Das Gebäude in der Heinrichstraße 79 ist Gebhardt vertraut, war sein Steuerberatungsbüro doch einst in der dritten Etage beheimatet. Schunck und er kennen sich im Übrigen schon viele Jahre, beginnend mit der gemeinsamen Zeit an der Fuldaer Freiherr-vom-Stein-Schule, und schwelgen in Erinnerungen, sobald das Stichwort „Sexta D“ fällt.

Dass Schunck, wie angekündigt, zum Sommer 2020 aus seinem Amt als Hauptgeschäftsführer ausscheiden wird, tut Gebhardt „persönlich sehr Leid“. Er hätte gerne noch mit Schunck zusammengearbeitet.

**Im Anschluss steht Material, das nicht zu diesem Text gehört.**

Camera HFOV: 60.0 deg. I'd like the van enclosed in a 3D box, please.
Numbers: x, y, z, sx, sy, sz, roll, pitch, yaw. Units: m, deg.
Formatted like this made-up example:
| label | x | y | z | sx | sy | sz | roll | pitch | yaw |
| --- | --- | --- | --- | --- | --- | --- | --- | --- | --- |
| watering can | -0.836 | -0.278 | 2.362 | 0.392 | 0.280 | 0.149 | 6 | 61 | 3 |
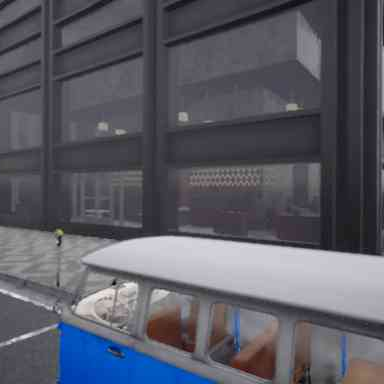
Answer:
| label | x | y | z | sx | sy | sz | roll | pitch | yaw |
| --- | --- | --- | --- | --- | --- | --- | --- | --- | --- |
| van | 0.622 | 1.341 | 2.515 | 3.998 | 1.788 | 1.690 | 0 | 0 | 35 |
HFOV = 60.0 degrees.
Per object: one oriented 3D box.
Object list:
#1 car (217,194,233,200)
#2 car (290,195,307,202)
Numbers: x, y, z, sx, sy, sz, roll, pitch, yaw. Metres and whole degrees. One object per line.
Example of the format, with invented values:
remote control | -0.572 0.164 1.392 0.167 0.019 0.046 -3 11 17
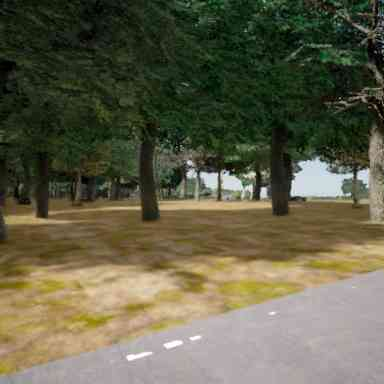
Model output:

Gleichwohl habe er Verständnis für dessen persönliche Entscheidung, in die er im Vorfeld gemeinsam mit seinem Vorgänger Bernhard Juchheim eingeweiht worden war. Mit dem angekündigten Rückzug des „IHK“-Hauptgeschäftsführers befasste sich am vergangenen Donnerstagnachmittag auch das „IHK“-Präsidium.

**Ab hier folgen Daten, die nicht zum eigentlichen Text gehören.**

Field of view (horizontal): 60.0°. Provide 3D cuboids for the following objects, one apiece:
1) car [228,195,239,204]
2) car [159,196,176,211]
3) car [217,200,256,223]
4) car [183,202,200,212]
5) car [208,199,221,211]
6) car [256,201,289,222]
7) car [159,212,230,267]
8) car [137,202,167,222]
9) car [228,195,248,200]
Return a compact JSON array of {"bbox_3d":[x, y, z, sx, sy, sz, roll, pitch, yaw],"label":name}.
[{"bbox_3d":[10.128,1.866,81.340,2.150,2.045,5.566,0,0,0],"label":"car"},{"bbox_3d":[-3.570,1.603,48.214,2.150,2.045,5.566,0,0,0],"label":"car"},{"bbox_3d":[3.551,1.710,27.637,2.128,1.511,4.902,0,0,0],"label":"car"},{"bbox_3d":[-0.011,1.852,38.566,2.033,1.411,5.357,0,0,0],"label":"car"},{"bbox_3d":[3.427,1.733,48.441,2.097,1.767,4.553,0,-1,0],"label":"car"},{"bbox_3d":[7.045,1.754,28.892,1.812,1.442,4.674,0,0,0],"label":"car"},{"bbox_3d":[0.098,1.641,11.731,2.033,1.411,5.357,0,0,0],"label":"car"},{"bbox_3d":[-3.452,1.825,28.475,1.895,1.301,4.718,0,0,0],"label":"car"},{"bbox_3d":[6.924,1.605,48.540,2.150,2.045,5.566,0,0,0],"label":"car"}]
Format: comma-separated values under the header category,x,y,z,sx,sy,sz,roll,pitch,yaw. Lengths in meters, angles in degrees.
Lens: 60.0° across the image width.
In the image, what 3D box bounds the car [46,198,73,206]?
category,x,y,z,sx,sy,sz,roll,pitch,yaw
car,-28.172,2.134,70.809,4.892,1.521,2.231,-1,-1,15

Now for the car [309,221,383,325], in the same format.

Als Kernthema seiner künftigen Tätigkeit als Präsident formuliert Gebhardt unter anderem, dass er die „erfolgreiche und konstruktive Arbeit“ der „IHK Fulda“ fortführen möchte. Dass die „IHK“ funktioniert, habe man an der Wahlbeteiligung zur Vollversammlung gesehen, die die stärkste in Hessen gewesen sei. Zudem sei die Kammer ein Gremium, dessen Stimme gehört und dessen Rat geschätzt werde. „Und ich möchte zusammen mit meinen Präsidiumskollegen daran arbeiten, dass verstärkt über die Wirtschaft an sich aufgeklärt wird“. Diese sollte als etwas gesehen werden, was die Basis der Gesellschaft insgesamt darstellt. Dazu gehöre auch, Verständnis für die Unternehmen zu wecken, die mitunter mit Neid zu kämpfen haben, „dieser typisch deutschen Eigenschaft“.

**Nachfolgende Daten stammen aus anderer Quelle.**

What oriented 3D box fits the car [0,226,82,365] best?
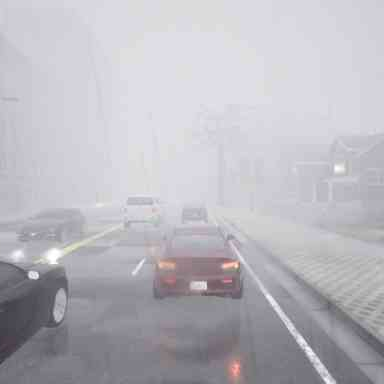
[{"bbox_3d":[-3.139,1.477,3.968,1.882,1.535,5.008,0,0,0],"label":"car"}]

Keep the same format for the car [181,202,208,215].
[{"bbox_3d":[0.189,1.468,25.280,1.882,1.535,5.008,0,0,0],"label":"car"}]

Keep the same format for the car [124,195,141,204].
[{"bbox_3d":[-9.561,1.116,53.418,1.994,1.385,4.181,0,0,0],"label":"car"}]

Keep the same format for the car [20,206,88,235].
[{"bbox_3d":[-6.544,1.500,16.124,1.837,1.490,4.892,0,0,0],"label":"car"}]

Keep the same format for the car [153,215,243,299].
[{"bbox_3d":[0.128,1.524,8.300,1.812,1.442,4.674,0,0,0],"label":"car"}]

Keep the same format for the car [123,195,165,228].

Der begeisterte Hobbysegler und „Bayern München“-Fan ist stolz auf die Wirtschaftskraft dieser Region, in der die Menschen sehr vertraut miteinander und wertorientiert seien. Gleichwohl sei es wichtig, daran zu arbeiten, den osthessischen Wirtschaftsraum weiter voranzubringen: „Wir haben eine sehr gute Infrastruktur, attraktive Arbeitsplätze sowie ein lebenswertes Umfeld mitsamt hervorragendem Schul- und Ausbildungsangebot. Dies ist wichtig gerade angesichts der Herausforderungen, vor die uns der Facharbeitermangel stellt. Wenn wir gut ausgebildete Kräfte holen wollen, dann muss das Gesamtpaket stimmen. Also das Angebot für die ganze Familie. Dies bedeutet, dass berufliche Rahmenbedingungen ebenso stimmen müssen wie beispielsweise bezahlbarer Wohnraum.“

Eine flächendeckend funktionierende Versorgung mit Breitband ist schließlich ein weiteres Thema, das Gebhardt sehr am Herzen liegt. Den Ist-Zustand in unserer Region vergleicht er dann mit Hiddensee, wo er sehr gerne Urlaub macht.

Und da schneidet die Ostseeinsel doch um Einiges besser ab. Dort ist zwar der private Pkw-Verkehr verboten, dafür klappt es aber auch mit dem Internet.